The authors also found—consistent with a long-standing qualitative and quantitative literature—that norms about women’s engagement in any paid work, or about acceptable work for women and men, were of necessity looser in households living in extreme poverty.

The GrOW-supported baseline survey for the Punjab Economic Opportunities Programme in Pakistan explored households’ willingness to send members for training. To the researchers’ surprise, they found an openness to women taking part in training, so long as it took place in or near their villages. Similarly, half the unemployed women (31% of all women in their sample) reported that they were looking for work, as were 9% of women who were already working. Again, this indicates that norms prohibiting women from working may not be as strong as assumed, particularly if the work can be done close to home (i.e. not strongly violating norms about women’s mobility) (Cheenta et al. 2017).

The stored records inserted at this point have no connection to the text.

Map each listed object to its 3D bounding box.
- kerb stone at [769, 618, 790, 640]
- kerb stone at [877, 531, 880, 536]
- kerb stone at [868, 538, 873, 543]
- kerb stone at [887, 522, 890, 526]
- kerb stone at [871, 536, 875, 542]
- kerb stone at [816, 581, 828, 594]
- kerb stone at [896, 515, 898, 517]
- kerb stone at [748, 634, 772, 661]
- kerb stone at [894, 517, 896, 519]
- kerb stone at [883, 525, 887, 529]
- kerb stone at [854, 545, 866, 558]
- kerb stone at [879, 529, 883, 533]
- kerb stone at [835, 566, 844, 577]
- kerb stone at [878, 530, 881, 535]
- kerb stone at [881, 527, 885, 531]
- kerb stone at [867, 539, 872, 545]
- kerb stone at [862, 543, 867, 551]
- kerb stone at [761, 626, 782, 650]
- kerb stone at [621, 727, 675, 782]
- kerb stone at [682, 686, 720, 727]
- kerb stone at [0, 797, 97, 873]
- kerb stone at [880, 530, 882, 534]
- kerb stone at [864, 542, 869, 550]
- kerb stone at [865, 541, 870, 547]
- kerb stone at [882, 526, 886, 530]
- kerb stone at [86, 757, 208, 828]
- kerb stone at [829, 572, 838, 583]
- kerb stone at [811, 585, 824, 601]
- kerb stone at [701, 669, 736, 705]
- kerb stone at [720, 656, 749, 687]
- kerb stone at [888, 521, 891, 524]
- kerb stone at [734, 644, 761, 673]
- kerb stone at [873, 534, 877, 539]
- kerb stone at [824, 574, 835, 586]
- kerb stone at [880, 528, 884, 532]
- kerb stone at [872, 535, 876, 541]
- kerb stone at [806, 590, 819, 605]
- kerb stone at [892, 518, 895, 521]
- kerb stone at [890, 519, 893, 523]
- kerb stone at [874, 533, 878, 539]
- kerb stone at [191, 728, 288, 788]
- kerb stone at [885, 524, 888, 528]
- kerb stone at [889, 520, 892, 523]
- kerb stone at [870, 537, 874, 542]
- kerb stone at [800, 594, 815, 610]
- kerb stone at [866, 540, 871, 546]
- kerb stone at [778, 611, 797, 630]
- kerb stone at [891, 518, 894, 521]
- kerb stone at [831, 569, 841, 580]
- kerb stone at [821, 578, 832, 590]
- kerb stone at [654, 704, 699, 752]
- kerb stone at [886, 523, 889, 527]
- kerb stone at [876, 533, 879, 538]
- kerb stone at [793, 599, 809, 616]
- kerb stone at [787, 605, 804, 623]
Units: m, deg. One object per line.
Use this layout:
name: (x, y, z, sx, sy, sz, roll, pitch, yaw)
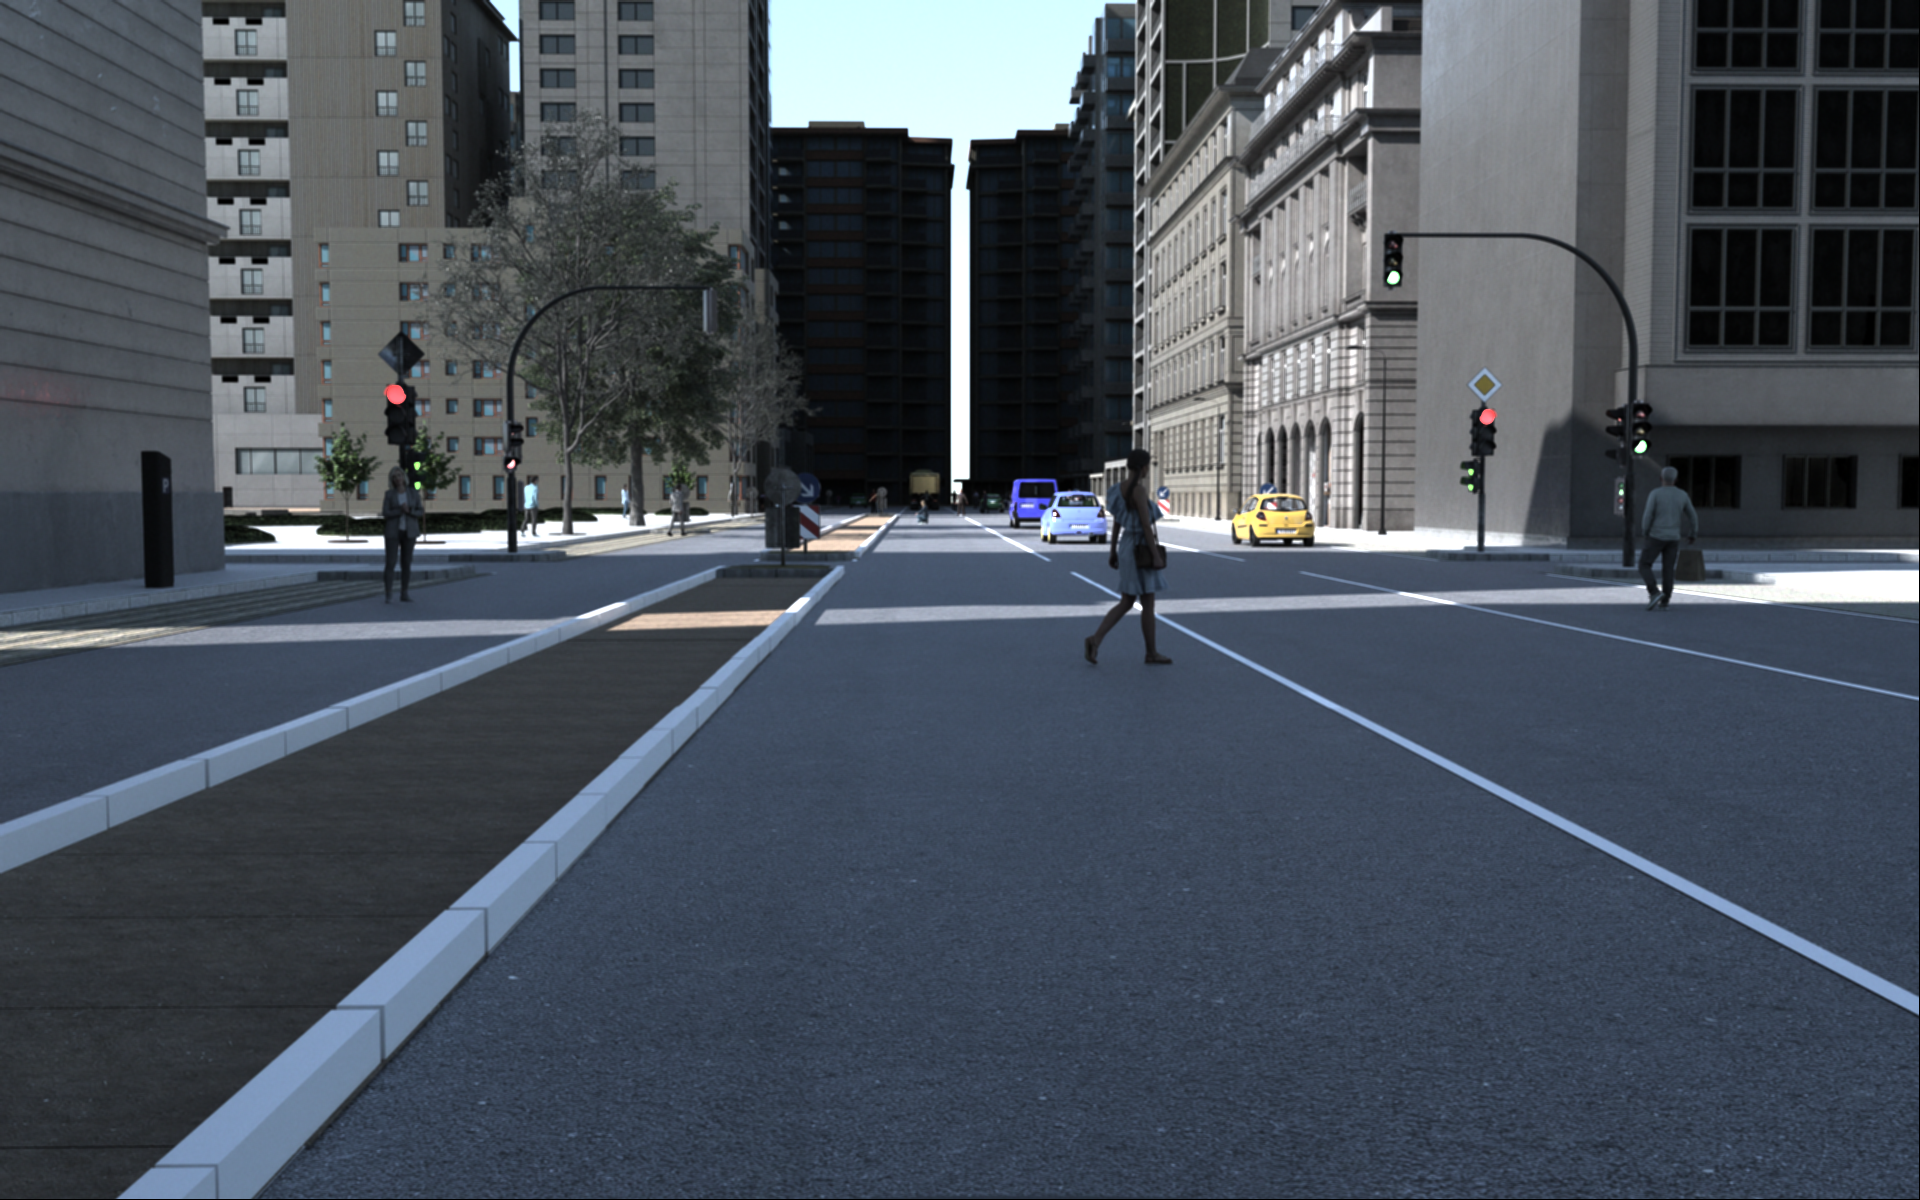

Qualitative research in Kagera region, Tanzania, undertaken as part of GrOW- supported research by Kamanzi and colleagues on early labour market transitions, found that norms about paid work were changing rapidly among young women, reflecting generational change:

Those days where our mothers were to ask for money from our fathers, even for simple things like underwear, are gone: we need our own money, and this means that we should work.

Now like me who has gone to school, why did I go there? To stay at home and do what? ... Do you need to go to school to remain at home? Why don’t you stay there from the word go?

(Kamanzi et al. 2017; 15)

However, parallel focus groups with young men also documented unease about women’s work outside the home, particularly in tenns of impact on family life.